> _Task objective_
All lines from the one containing "Be succinct. Hawaii." down to the one containing "Keep it brief. Vermont, Connecticut, New", both ends included, are to be given again exactly; omit the rest of the listing below.
══ Data ══
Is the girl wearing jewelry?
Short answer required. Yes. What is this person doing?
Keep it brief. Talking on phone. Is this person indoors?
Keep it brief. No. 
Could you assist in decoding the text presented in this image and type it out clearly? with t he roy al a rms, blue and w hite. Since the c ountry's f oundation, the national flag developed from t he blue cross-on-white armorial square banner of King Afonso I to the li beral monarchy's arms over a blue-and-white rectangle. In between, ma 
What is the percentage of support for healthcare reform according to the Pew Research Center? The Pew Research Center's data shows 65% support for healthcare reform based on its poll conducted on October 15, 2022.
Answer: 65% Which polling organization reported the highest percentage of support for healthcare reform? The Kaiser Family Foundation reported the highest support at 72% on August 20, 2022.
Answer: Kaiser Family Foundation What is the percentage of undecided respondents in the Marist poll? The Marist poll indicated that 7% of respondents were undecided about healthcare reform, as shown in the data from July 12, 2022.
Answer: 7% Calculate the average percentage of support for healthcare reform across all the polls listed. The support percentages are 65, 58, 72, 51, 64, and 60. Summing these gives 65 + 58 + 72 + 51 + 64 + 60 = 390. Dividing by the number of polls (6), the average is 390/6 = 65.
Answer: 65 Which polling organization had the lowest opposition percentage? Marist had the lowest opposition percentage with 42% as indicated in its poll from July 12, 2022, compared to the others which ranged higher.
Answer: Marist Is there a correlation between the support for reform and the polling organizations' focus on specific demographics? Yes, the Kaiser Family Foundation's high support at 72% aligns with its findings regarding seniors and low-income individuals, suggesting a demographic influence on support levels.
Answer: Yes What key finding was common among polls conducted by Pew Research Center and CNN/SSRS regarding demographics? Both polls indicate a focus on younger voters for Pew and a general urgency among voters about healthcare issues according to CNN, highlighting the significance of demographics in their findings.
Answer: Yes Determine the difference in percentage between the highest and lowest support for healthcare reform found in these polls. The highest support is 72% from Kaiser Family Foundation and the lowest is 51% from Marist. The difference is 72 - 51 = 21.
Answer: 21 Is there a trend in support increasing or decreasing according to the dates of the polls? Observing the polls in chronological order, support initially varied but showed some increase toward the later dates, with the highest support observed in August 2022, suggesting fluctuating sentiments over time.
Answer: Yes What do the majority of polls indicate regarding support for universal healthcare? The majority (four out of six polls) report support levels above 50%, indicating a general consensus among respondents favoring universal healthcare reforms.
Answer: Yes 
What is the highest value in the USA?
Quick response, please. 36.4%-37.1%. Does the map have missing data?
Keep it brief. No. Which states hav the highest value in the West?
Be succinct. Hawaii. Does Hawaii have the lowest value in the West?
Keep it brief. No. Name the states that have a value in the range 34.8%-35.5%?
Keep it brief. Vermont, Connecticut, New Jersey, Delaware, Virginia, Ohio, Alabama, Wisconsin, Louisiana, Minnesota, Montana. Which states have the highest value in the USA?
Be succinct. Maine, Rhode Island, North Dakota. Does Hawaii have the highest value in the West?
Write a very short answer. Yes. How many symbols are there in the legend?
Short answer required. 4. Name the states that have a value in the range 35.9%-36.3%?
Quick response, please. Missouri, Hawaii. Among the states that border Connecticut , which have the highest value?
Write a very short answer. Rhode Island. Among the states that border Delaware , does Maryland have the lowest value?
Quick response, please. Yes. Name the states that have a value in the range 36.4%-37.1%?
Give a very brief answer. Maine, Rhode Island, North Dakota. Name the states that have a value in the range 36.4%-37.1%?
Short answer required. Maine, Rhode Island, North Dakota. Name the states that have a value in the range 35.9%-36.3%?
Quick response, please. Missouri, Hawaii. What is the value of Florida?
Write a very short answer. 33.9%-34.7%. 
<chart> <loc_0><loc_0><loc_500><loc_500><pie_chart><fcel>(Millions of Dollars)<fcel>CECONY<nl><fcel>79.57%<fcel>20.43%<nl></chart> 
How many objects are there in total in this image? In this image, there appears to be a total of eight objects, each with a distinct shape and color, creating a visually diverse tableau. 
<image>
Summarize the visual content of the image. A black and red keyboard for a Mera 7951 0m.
═══
> _Final answer_
Be succinct. Hawaii. Does Hawaii have the lowest value in the West?
Keep it brief. No. Name the states that have a value in the range 34.8%-35.5%?
Keep it brief. Vermont, Connecticut, New Jersey, Delaware, Virginia, Ohio, Alabama, Wisconsin, Louisiana, Minnesota, Montana. Which states have the highest value in the USA?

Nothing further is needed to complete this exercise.